Three days ago I was thinking those thoughts that people sometimes think for whatever reason when they feel vulnerable. And need some encouragement. Possibly in line with hormonal flux. Call it a low self-esteem day, cause that's what it was. Three days ago I called my momma and confessed that I felt like an overweight mediocre underemployed dancer and I don't know what I'm doing or why I think I have the right to do it.
Thank goodness I am a relentless, admittedly delusional (what of reality isn't), optimist. I asked myself, swimming in those thoughts, which really kinda hurt my own feelings to think and made me feel like throwing myself to the undertow, I asked myself what I really wanted. And I said, "to be complimented on my dancing by a fellow dancer".
Today I had the distinct honor of auditioning for Twila Tharp, a woman who has done for modern dance what Savion Glover has done for tap. A choreographer that university students study in text books. And after the audition she pulled me aside to tell me that she'd really like to work with me and ask if she could keep me on file. Then she looked me in the eyes with intention, possibly to make sure I was getting what she was offering, and then Twila Tharp said to me, "Tonya, you are a beautiful dancer. I love to watch you dance."

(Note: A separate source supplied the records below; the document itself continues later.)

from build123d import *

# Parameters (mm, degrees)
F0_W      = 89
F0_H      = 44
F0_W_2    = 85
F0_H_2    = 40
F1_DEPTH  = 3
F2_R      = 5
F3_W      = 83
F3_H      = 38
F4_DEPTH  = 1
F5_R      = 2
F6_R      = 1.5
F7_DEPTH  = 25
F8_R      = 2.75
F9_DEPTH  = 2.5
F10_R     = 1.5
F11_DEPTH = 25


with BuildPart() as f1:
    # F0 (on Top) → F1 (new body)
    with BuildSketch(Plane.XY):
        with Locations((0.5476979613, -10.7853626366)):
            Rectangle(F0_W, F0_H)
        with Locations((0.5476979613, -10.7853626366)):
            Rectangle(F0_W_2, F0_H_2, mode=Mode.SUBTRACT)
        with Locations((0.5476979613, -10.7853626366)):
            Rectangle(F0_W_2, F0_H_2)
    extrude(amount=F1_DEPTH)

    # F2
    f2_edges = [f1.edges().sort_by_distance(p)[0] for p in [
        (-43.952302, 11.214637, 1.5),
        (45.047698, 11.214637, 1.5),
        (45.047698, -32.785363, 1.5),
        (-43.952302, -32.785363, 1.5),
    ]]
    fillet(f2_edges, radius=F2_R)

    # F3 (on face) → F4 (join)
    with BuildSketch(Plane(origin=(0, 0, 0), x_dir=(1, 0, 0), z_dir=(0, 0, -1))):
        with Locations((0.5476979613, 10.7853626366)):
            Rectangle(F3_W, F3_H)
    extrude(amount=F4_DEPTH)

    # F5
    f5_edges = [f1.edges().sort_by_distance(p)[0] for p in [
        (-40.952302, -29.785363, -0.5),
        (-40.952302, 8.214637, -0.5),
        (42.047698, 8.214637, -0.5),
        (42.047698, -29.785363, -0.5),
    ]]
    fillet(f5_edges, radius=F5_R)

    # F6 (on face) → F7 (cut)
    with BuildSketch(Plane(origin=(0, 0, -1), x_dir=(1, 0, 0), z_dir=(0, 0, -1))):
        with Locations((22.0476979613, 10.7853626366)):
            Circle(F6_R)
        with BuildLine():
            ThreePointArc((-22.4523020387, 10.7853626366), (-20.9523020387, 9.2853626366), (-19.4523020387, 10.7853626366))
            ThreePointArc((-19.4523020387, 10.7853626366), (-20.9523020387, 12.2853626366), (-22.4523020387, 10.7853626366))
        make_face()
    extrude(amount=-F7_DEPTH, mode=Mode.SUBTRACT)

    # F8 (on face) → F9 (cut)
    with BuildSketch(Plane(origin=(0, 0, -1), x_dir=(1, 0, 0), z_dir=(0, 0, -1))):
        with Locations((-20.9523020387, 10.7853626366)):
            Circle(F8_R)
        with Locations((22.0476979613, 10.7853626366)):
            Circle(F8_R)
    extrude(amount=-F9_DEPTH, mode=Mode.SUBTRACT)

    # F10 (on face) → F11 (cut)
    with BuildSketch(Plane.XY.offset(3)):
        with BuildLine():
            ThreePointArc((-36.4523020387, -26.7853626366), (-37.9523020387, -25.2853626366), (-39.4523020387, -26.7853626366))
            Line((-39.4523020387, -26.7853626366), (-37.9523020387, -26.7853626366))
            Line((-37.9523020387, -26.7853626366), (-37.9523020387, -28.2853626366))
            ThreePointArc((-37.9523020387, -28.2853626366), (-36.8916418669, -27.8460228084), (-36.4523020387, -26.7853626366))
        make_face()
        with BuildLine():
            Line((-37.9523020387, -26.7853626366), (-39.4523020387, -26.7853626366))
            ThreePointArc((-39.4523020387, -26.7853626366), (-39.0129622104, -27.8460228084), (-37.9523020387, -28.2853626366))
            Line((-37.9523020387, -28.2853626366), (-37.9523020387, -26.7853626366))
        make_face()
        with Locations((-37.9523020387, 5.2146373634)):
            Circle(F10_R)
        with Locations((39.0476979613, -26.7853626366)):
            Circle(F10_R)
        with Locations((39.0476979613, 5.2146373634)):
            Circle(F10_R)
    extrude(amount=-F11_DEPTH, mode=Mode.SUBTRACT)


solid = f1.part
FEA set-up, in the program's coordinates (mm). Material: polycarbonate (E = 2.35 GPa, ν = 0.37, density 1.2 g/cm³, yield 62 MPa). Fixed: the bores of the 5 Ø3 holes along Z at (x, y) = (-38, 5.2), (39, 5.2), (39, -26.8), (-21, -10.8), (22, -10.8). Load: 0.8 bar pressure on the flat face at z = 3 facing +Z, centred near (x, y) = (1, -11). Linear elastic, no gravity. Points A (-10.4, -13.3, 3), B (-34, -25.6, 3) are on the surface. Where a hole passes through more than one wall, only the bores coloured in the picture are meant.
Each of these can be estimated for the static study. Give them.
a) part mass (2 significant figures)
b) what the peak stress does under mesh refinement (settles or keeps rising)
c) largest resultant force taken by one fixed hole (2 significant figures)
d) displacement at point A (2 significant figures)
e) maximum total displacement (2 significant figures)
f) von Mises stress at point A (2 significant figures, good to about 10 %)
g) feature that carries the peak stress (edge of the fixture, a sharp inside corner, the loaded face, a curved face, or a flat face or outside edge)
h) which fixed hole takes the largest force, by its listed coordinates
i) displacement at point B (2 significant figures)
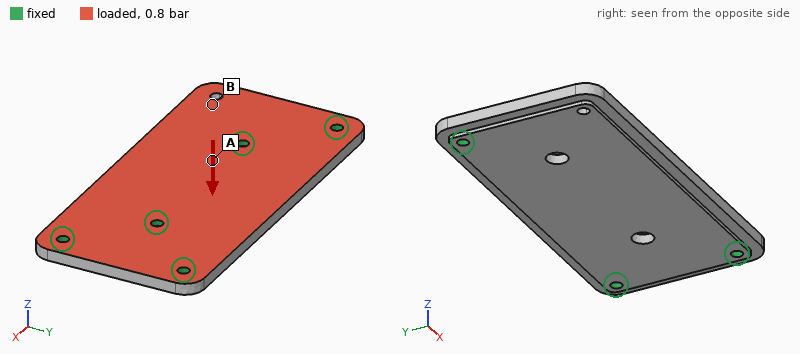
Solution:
17 g
keeps rising
140 N
0.11 mm
0.45 mm
4.5 MPa
edge of the fixture
(-21, -10.8)
0.29 mm
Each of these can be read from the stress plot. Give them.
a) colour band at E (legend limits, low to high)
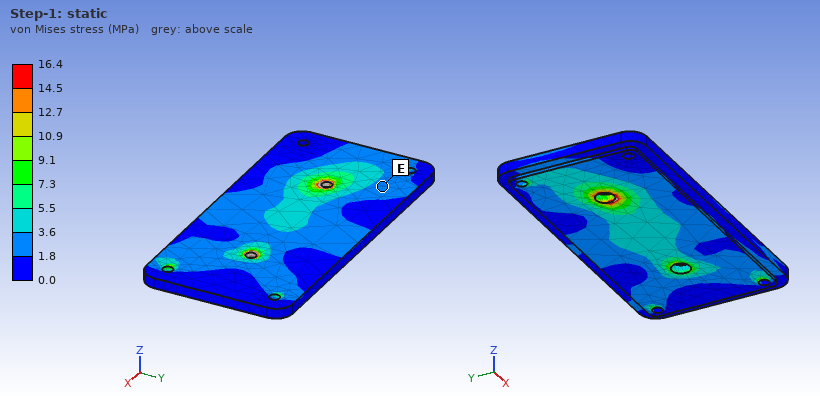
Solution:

Those words meant the world to me.
Thank you, Universe. I will continue.
Well Timed Words
Hollywood, CA
Hollywood, CA
February 21, 2006






2 Comments:
What a beautiful gift!
Thirty years ago and running, I used to scour the NY Times Arts & Leisure for ANY news of Twyla Tharp and Judith Jamison. Already, they have touched generations.
I had no idea I would ever meet this choreographer, let alone get to dance for her. And she was so sure, so grounded, so ... there. Just what one would expect, but surreal when the name is a woman with beautiful words eliciting from her mouth right in front of you!